RECORDS PROVIDED:
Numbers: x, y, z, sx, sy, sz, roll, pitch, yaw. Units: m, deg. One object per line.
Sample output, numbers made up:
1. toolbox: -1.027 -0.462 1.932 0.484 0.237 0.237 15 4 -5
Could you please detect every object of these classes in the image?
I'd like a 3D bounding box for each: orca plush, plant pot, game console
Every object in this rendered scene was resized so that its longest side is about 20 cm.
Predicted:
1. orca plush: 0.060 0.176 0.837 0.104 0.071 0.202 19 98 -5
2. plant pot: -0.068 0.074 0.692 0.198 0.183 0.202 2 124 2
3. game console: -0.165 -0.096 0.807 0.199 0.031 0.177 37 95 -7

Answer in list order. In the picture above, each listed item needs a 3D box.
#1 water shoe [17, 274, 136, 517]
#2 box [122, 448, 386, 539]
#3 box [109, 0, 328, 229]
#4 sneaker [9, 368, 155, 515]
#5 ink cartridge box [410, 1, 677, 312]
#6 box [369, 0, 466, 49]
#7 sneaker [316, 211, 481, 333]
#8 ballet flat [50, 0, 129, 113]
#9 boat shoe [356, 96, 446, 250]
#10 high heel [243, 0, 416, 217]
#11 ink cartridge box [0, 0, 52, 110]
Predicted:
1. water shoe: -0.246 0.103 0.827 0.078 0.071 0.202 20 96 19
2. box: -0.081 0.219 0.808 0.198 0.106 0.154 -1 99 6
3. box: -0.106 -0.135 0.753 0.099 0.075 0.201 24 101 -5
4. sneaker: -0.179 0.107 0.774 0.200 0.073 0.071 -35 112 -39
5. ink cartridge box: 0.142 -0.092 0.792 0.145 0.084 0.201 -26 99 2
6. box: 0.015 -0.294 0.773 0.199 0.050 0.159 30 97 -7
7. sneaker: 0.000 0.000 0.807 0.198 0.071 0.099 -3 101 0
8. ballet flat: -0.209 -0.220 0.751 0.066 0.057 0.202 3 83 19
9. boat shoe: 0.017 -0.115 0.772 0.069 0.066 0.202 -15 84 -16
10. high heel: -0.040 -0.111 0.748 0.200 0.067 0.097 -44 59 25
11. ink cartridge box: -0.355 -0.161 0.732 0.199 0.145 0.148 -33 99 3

EXERCISE DESCRIPTION:
Count every line in the data that contains the word "object", then give that count and nothing else.

FINAL ANSWER:
3